**WHAT IS BEING ASKED:**
These records contain pictures, which must be left out; copy exactly the lines from the one with "watering can;-0.617;-0.405;2.089;0.374;0.267;0.143;-17;47;-12" up to and including the one with "Aim: enclose the".
☆ ☆ ☆
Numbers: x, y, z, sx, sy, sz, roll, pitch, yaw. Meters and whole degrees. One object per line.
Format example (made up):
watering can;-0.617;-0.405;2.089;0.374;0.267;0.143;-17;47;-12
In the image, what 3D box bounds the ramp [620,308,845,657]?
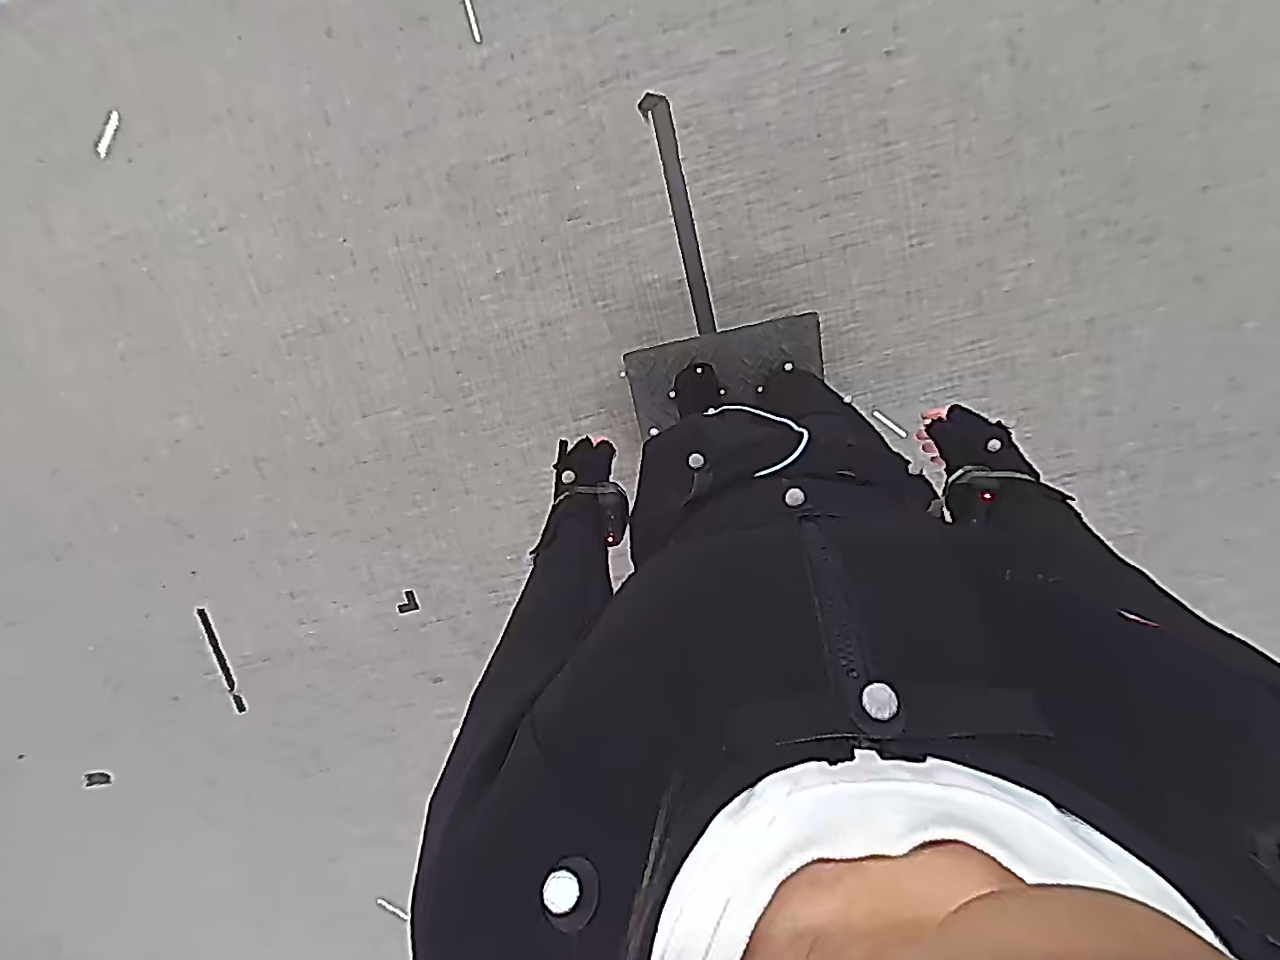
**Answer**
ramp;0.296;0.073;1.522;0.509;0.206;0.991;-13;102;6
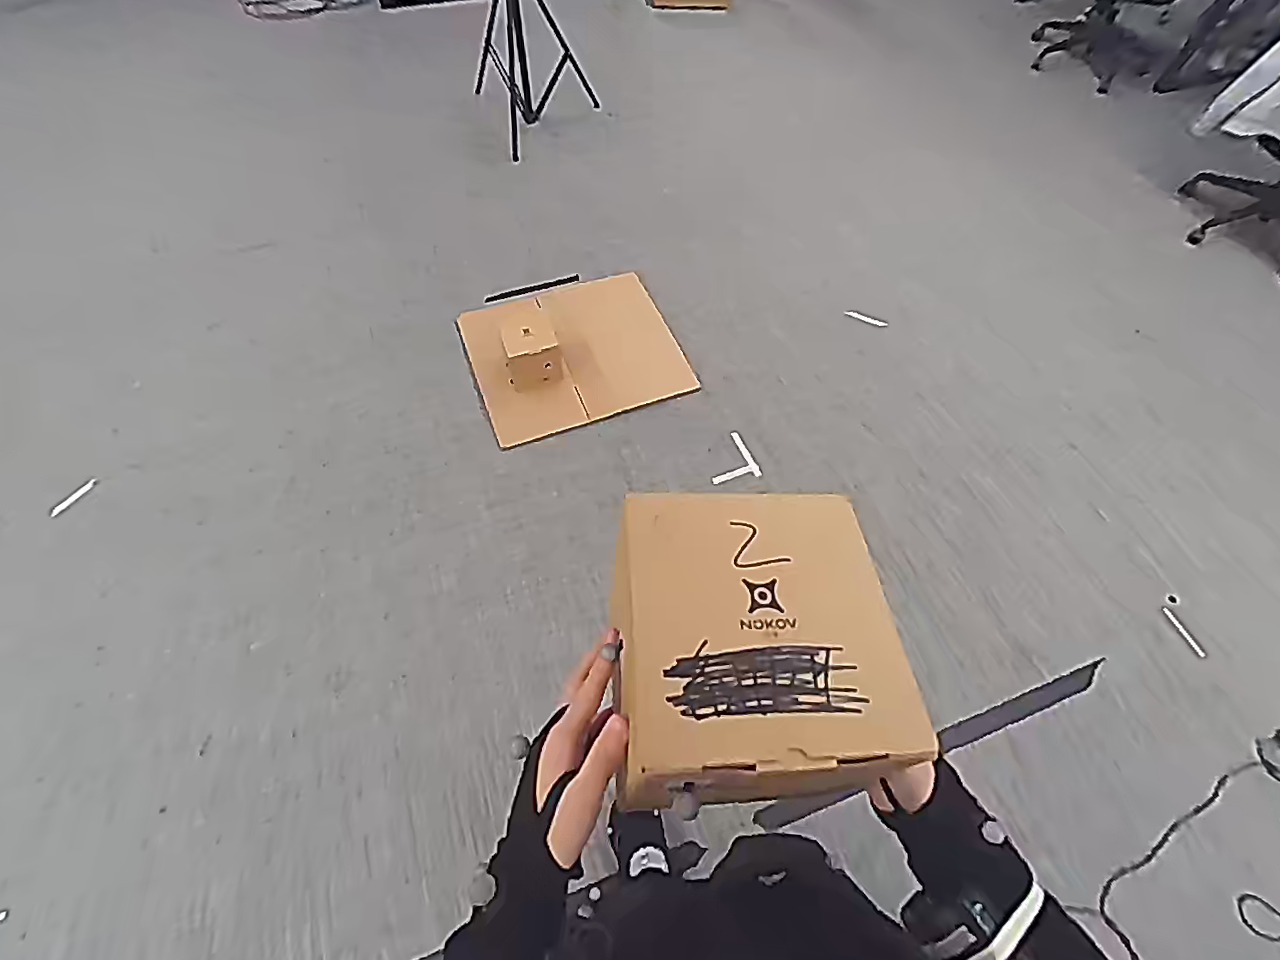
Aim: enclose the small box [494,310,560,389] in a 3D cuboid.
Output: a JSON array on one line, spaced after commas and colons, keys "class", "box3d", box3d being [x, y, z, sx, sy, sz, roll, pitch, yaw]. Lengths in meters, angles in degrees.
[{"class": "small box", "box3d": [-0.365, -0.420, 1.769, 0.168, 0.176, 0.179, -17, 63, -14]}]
☆ ☆ ☆
**ANSWER TO THE PROBLEM:**
watering can;-0.617;-0.405;2.089;0.374;0.267;0.143;-17;47;-12
In the image, what 3D box bounds the ramp [620,308,845,657]?
**Answer**
ramp;0.296;0.073;1.522;0.509;0.206;0.991;-13;102;6
Aim: enclose the small box [494,310,560,389] in a 3D cuboid.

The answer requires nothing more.